-------- DATA RECORDS --------
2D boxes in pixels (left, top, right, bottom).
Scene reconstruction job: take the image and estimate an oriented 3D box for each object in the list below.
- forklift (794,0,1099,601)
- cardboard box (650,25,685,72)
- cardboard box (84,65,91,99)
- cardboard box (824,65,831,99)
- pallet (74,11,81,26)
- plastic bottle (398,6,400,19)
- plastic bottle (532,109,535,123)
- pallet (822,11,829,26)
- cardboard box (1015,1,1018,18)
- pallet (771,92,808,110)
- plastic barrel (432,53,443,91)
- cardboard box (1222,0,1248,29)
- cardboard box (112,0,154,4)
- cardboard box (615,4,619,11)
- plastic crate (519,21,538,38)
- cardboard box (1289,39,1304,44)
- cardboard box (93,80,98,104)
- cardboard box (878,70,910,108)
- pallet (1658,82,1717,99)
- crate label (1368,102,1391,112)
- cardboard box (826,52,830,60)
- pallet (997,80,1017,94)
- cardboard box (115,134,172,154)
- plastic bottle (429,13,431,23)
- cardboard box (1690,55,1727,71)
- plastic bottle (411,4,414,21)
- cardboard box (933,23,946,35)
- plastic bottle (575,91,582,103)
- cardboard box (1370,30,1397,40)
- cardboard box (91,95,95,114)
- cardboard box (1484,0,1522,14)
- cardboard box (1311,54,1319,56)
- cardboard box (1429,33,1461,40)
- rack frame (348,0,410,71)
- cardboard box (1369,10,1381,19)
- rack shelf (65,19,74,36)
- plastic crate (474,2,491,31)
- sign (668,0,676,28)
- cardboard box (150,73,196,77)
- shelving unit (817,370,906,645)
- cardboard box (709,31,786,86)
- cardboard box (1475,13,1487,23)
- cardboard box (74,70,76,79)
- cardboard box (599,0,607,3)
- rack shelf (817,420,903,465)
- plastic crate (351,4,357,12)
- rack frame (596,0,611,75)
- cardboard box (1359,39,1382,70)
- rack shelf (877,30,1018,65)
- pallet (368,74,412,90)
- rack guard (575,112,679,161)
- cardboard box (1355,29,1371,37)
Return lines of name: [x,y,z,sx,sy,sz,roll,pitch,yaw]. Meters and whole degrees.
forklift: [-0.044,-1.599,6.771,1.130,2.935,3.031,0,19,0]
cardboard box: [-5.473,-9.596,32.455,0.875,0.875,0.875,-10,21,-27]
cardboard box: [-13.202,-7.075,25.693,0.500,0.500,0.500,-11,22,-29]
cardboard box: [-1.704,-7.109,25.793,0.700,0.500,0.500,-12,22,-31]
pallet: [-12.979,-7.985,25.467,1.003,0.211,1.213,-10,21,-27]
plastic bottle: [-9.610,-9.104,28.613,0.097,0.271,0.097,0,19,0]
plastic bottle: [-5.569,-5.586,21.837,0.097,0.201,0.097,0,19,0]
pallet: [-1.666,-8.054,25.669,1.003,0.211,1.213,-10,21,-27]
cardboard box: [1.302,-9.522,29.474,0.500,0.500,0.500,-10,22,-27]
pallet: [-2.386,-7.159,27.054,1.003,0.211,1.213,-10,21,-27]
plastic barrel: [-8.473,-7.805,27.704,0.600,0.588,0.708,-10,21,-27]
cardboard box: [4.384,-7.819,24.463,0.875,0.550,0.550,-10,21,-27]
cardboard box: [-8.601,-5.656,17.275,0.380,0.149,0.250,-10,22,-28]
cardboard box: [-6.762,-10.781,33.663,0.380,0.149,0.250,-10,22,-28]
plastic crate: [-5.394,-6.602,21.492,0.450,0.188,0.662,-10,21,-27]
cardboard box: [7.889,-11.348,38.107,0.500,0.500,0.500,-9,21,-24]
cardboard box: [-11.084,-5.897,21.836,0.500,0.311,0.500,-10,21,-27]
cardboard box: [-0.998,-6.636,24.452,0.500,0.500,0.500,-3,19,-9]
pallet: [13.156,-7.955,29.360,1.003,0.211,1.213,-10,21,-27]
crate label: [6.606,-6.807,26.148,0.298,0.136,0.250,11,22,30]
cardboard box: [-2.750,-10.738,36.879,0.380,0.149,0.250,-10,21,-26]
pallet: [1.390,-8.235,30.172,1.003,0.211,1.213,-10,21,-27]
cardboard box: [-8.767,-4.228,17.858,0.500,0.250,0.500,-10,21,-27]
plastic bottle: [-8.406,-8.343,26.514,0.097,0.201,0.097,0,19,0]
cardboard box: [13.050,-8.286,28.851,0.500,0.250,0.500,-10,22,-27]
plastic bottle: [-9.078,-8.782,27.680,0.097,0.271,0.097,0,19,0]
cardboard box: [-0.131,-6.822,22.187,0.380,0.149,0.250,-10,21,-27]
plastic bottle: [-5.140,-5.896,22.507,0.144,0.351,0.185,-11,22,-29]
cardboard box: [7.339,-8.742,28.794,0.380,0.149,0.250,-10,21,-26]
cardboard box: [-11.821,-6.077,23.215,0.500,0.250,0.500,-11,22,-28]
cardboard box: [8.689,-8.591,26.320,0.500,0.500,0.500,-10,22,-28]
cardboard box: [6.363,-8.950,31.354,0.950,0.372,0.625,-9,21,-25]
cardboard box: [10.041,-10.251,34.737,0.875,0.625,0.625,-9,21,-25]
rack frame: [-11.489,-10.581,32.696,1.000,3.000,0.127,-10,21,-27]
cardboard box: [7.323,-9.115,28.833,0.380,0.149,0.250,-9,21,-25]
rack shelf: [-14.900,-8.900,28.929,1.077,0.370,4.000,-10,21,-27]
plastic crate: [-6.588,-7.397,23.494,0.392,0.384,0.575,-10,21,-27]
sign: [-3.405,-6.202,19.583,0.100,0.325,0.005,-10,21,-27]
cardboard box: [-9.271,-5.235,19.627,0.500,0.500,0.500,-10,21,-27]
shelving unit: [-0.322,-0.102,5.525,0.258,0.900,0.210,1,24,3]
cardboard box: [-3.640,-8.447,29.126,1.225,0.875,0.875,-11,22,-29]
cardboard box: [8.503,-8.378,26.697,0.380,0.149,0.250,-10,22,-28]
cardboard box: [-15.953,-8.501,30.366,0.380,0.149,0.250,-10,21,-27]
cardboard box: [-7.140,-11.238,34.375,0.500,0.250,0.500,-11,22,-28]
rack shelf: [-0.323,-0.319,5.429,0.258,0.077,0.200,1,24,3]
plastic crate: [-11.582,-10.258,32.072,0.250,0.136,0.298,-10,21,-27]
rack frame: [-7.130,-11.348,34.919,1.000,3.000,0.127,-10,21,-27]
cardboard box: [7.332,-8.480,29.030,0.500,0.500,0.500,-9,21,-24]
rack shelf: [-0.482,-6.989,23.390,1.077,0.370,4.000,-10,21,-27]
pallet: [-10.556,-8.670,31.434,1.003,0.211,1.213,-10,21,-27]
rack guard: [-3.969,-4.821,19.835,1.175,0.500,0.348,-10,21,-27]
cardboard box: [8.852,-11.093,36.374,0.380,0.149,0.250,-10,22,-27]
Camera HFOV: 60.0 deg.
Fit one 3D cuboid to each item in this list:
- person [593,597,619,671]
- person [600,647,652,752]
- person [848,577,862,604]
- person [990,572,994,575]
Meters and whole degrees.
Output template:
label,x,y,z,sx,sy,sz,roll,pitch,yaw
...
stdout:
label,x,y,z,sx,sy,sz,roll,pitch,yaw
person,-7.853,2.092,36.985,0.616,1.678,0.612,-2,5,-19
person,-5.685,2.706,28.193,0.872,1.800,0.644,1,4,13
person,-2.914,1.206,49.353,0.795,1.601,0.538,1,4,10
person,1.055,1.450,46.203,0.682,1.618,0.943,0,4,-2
--------
* [ASSIGNMENT]
Repeat only the lines above, from the first line of the entries through the line that contains "- plastic barrel (432,53,443,91)", including both ends.

* [RESPONSE TO THIS TASK]
2D boxes in pixels (left, top, right, bottom).
Scene reconstruction job: take the image and estimate an oriented 3D box for each object in the list below.
- forklift (794,0,1099,601)
- cardboard box (650,25,685,72)
- cardboard box (84,65,91,99)
- cardboard box (824,65,831,99)
- pallet (74,11,81,26)
- plastic bottle (398,6,400,19)
- plastic bottle (532,109,535,123)
- pallet (822,11,829,26)
- cardboard box (1015,1,1018,18)
- pallet (771,92,808,110)
- plastic barrel (432,53,443,91)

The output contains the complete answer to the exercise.